On July 6th, Canada released its Clean Fuel Standard (CFS), which will aim to reduce greenhouse gas emissions and accelerate the use of clean technologies and fuels. The standard, which is modelled after California’s Low Carbon Fuel Standard, will aim to force primary energy suppliers, including refineries and fuel importers, to reduce the “carbon intensity” of gasoline and diesel. In order to reduce the carbon impact of fossil fuels and comply with the CFS, energy suppliers can either:
- reduce the amount of emissions in the petroleum production process through increasing energy efficiency or using carbon capture technologies; or
- dilute petroleum products with biofuels such as ethelyne.
A credit system has also been developed under the CFS, allowing companies to buy or sell carbon credits from low-carbon projects that have demonstrated emission reductions. The idea of the national clean fuel credit market is to drive investments in low-carbon clean fuel production and infrastructure. Credits may be generated through projects such as replacing coal or natural gas power plants with renewable electricity sources, employing clean technology such as carbon capture and storage, and producing and distributing biofuels.

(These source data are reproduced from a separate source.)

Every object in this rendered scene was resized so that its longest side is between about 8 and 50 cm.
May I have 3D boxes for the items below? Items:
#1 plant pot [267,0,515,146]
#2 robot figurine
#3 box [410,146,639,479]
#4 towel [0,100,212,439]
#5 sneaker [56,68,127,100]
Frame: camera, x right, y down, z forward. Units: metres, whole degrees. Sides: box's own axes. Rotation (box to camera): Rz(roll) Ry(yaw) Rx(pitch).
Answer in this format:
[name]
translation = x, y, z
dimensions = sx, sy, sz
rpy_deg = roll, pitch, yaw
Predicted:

The CFS will go into effect on July 1, 2023, when an emissions cap will be introduced on the carbon intensity of fuel, increasing slightly each year to 2030 when it’s anticipated that carbon intensity will be reduced by 15% with over 26 million tonnes of greenhouse gas pollution being cut. However, according to the standard’s “impact analysis”, the CFS is expected to increase the cost of production to primary energy suppliers, which in effect, will increase costs of gasoline and diesel by up to 13 cents per litre by 2030. The overall cost of the program is forecasted to be between $22.6 billion and $46.6 billion, or approximately $151 per tonne of emissions reduced.

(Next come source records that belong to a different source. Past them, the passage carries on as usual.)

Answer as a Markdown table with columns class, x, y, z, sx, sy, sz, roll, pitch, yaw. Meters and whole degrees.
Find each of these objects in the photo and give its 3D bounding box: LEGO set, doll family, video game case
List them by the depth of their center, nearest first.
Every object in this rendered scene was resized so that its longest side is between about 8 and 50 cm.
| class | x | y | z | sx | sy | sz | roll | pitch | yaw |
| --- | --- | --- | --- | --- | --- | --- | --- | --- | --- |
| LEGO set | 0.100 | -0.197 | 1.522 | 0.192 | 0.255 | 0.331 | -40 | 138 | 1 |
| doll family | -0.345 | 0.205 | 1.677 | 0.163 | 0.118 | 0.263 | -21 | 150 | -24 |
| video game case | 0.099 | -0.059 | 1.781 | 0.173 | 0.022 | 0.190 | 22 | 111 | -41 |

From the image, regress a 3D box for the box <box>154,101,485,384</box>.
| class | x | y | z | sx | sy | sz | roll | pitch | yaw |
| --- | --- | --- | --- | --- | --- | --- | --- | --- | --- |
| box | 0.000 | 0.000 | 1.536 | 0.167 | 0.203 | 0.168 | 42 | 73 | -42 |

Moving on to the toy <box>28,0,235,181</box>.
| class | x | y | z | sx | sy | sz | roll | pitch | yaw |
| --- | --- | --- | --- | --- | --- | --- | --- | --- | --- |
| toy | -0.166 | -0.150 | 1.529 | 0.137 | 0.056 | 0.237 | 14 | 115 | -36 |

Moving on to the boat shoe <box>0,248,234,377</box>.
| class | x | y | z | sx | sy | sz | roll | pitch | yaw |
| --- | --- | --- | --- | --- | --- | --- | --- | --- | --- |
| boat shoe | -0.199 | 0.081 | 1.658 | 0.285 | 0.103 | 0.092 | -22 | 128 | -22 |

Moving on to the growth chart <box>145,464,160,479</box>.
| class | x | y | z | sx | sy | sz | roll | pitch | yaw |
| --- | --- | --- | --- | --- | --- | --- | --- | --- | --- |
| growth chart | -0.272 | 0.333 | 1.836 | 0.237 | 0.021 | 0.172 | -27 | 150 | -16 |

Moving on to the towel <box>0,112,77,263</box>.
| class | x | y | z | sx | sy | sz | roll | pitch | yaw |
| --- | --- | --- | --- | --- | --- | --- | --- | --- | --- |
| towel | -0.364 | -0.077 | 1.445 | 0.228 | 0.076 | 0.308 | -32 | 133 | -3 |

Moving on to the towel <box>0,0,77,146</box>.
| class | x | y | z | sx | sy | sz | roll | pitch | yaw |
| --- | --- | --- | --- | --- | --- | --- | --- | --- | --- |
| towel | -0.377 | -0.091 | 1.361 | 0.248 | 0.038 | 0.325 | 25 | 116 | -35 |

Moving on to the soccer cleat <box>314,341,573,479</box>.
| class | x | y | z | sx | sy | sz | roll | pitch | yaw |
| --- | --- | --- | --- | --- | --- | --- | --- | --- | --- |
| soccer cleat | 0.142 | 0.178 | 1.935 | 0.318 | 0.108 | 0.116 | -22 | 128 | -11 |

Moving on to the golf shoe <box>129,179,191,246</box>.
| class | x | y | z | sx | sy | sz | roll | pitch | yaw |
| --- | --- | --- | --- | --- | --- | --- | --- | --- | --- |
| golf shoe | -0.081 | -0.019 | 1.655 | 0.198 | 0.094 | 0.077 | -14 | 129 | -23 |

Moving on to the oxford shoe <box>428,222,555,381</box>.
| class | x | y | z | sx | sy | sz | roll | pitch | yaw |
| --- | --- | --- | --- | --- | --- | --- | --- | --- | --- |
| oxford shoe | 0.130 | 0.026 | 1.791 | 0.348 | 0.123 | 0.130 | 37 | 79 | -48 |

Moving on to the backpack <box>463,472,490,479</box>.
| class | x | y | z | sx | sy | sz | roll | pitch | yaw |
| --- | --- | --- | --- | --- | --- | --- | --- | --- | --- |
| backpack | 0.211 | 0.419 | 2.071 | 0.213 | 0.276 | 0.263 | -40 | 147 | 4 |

This added cost will significantly impact households and industrial users, including retail fleet costs. Given businesses and consumers already face significant inflation resulting from high petroleum prices and that low carbon medium- and heavy-duty vehicles remain costly in addition to an inadequate charging/fueling infrastructure network, RCC plans to continue dialogue with ECCC to push for more appropriate rollout timelines.